Every entry below should be reproduced exactly; no picture is to be included.

** RECORDED DATA follows **

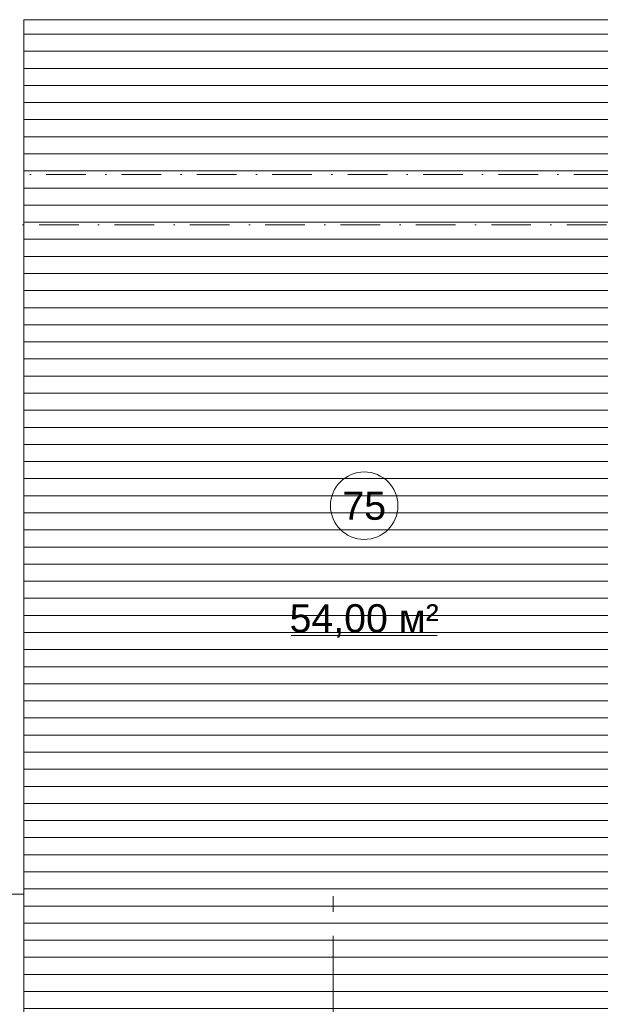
# Model space of a CAD drawing. Header units: millimetres. Extents: x -14761 to 157739, y -22400 to 107990.
# Tile 31 of 256: x 29907 to 35072, y 29070 to 37825. Entities that reach past the tile are written whole.
import ezdxf

# ---------------------------------------------------------------- set-up
doc = ezdxf.new("R2010")
doc.units = ezdxf.units.MM
doc.header["$MEASUREMENT"] = 0
for name, pattern in [('Штрих-Штриховая', [1093.611073, 529.166651, -211.666656, 141.111112, -211.666656]), ('Штриховая', [564.444447, 282.222223, -282.222223]), ('Штрихпунктирная', [670.277762, 352.777767, -176.388884, 0, -141.111112])]:
    doc.linetypes.add(name, pattern=pattern)
for name, color, linetype in [('Элемент модели - Зоны уличных помещений', 7, 'Continuous'), ('Элемент Модели - Оси', 7, 'Continuous'), ('Элемент модели - Оси Улица Бани', 7, 'Continuous')]:
    doc.layers.add(name, color=color, linetype=linetype)
doc.styles.add('СГЕНЕРИР_СТИЛЬ_1', font='txt')

msp = doc.modelspace()

# ---------------------------------------------------------------- hatches: boundary and pattern name
at = {"linetype": 'Continuous', "lineweight": 15, "true_color": 0xb1b1b1}
h = msp.add_hatch(dxfattribs=at)
h.set_pattern_fill('Настил_01', color=253, style=0, pattern_type=2)
h.set_pattern_definition([(0, (0, 0), (0, 152), [])])
h.paths.add_polyline_path([(35945, 28824.9), (35945, 37825), (29945.3, 37825), (29945.3, 28824.9)])

# ---------------------------------------------------------------- linework, layer by layer
at = {"color": 7, "linetype": 'Continuous', "lineweight": 15, "flags": 128}
msp.add_lwpolyline([(35945, 28824.9), (35945, 37825), (29945.3, 37825), (29945.3, 28824.9)], close=True, dxfattribs=at)
at = {"layer": 'Элемент модели - Зоны уличных помещений', "color": 7, "linetype": 'Continuous', "lineweight": 15}
msp.add_line((32321.8, 32350.3), (33622.4, 32350.3), dxfattribs=at)
at = {"layer": 'Элемент модели - Зоны уличных помещений', "color": 7, "linetype": 'Continuous', "lineweight": 15, "flags": 128}
msp.add_lwpolyline([(33272.1, 33503.9, 1), (32672.1, 33503.9, 1)], format="xyb", close=True, dxfattribs=at)
at = {"layer": 'Элемент модели - Зоны уличных помещений', "color": 7, "linetype": 'Штриховая', "lineweight": 15, "flags": 128}
msp.add_lwpolyline([(-10488.9, 25549.5), (-9847.4, 25549.5), (265.3, 25526.5), (28145.4, 25549.5), (28145.4, 23149.5), (32945.4, 23149.5), (32945.4, 16750), (35945, 16750), (35945, 28824.9), (29945.3, 28824.9), (29945.3, 30049.5), (-10545, 30049.5)], close=True, dxfattribs=at)
at = {"layer": 'Элемент Модели - Оси', "color": 7, "linetype": 'Штрихпунктирная', "lineweight": 15}
for p, q in [((-12760.6, 36450), (155650, 36450)), ((-12153.2, 36000), (155042.6, 36000))]:
    msp.add_line(p, q, dxfattribs=at)
at = {"layer": 'Элемент модели - Оси Улица Бани', "color": 7, "linetype": 'Штрих-Штриховая', "lineweight": 15}
for p, q in [((32696.4, 29150.5), (32696.4, 30150.5)), ((32696.4, 15783.8), (32696.4, 29150.5))]:
    msp.add_line(p, q, dxfattribs=at)

# ---------------------------------------------------------------- texts
at = {"layer": 'Элемент модели - Зоны уличных помещений', "color": 7, "lineweight": 15, "char_height": 250, "attachment_point": 5, "style": 'СГЕНЕРИР_СТИЛЬ_1'}
for s, insert in [('\\A1;{\\pqc;\\fArial|b0|i0|c204|p38;75}', (32972.1, 33501.8)), ('\\A1;{\\pqc;\\fArial|b0|i0|c204|p38;54,00 м²}', (32972.1, 32479.6))]:
    msp.add_mtext(s, dxfattribs=dict(at, insert=insert))

doc.saveas('drawing.dxf')

** End of RECORDED DATA **

• EXERCISE ANSWER:
# Model space of a CAD drawing. Header units: millimetres. Extents: x -14761 to 157739, y -22400 to 107990.
# Tile 31 of 256: x 29907 to 35072, y 29070 to 37825. Entities that reach past the tile are written whole.
import ezdxf

# ---------------------------------------------------------------- set-up
doc = ezdxf.new("R2010")
doc.units = ezdxf.units.MM
doc.header["$MEASUREMENT"] = 0
for name, pattern in [('Штрих-Штриховая', [1093.611073, 529.166651, -211.666656, 141.111112, -211.666656]), ('Штриховая', [564.444447, 282.222223, -282.222223]), ('Штрихпунктирная', [670.277762, 352.777767, -176.388884, 0, -141.111112])]:
    doc.linetypes.add(name, pattern=pattern)
for name, color, linetype in [('Элемент модели - Зоны уличных помещений', 7, 'Continuous'), ('Элемент Модели - Оси', 7, 'Continuous'), ('Элемент модели - Оси Улица Бани', 7, 'Continuous')]:
    doc.layers.add(name, color=color, linetype=linetype)
doc.styles.add('СГЕНЕРИР_СТИЛЬ_1', font='txt')

msp = doc.modelspace()

# ---------------------------------------------------------------- hatches: boundary and pattern name
at = {"linetype": 'Continuous', "lineweight": 15, "true_color": 0xb1b1b1}
h = msp.add_hatch(dxfattribs=at)
h.set_pattern_fill('Настил_01', color=253, style=0, pattern_type=2)
h.set_pattern_definition([(0, (0, 0), (0, 152), [])])
h.paths.add_polyline_path([(35945, 28824.9), (35945, 37825), (29945.3, 37825), (29945.3, 28824.9)])

# ---------------------------------------------------------------- linework, layer by layer
at = {"color": 7, "linetype": 'Continuous', "lineweight": 15, "flags": 128}
msp.add_lwpolyline([(35945, 28824.9), (35945, 37825), (29945.3, 37825), (29945.3, 28824.9)], close=True, dxfattribs=at)
at = {"layer": 'Элемент модели - Зоны уличных помещений', "color": 7, "linetype": 'Continuous', "lineweight": 15}
msp.add_line((32321.8, 32350.3), (33622.4, 32350.3), dxfattribs=at)
at = {"layer": 'Элемент модели - Зоны уличных помещений', "color": 7, "linetype": 'Continuous', "lineweight": 15, "flags": 128}
msp.add_lwpolyline([(33272.1, 33503.9, 1), (32672.1, 33503.9, 1)], format="xyb", close=True, dxfattribs=at)
at = {"layer": 'Элемент модели - Зоны уличных помещений', "color": 7, "linetype": 'Штриховая', "lineweight": 15, "flags": 128}
msp.add_lwpolyline([(-10488.9, 25549.5), (-9847.4, 25549.5), (265.3, 25526.5), (28145.4, 25549.5), (28145.4, 23149.5), (32945.4, 23149.5), (32945.4, 16750), (35945, 16750), (35945, 28824.9), (29945.3, 28824.9), (29945.3, 30049.5), (-10545, 30049.5)], close=True, dxfattribs=at)
at = {"layer": 'Элемент Модели - Оси', "color": 7, "linetype": 'Штрихпунктирная', "lineweight": 15}
for p, q in [((-12760.6, 36450), (155650, 36450)), ((-12153.2, 36000), (155042.6, 36000))]:
    msp.add_line(p, q, dxfattribs=at)
at = {"layer": 'Элемент модели - Оси Улица Бани', "color": 7, "linetype": 'Штрих-Штриховая', "lineweight": 15}
for p, q in [((32696.4, 29150.5), (32696.4, 30150.5)), ((32696.4, 15783.8), (32696.4, 29150.5))]:
    msp.add_line(p, q, dxfattribs=at)

# ---------------------------------------------------------------- texts
at = {"layer": 'Элемент модели - Зоны уличных помещений', "color": 7, "lineweight": 15, "char_height": 250, "attachment_point": 5, "style": 'СГЕНЕРИР_СТИЛЬ_1'}
for s, insert in [('\\A1;{\\pqc;\\fArial|b0|i0|c204|p38;75}', (32972.1, 33501.8)), ('\\A1;{\\pqc;\\fArial|b0|i0|c204|p38;54,00 м²}', (32972.1, 32479.6))]:
    msp.add_mtext(s, dxfattribs=dict(at, insert=insert))

doc.saveas('drawing.dxf')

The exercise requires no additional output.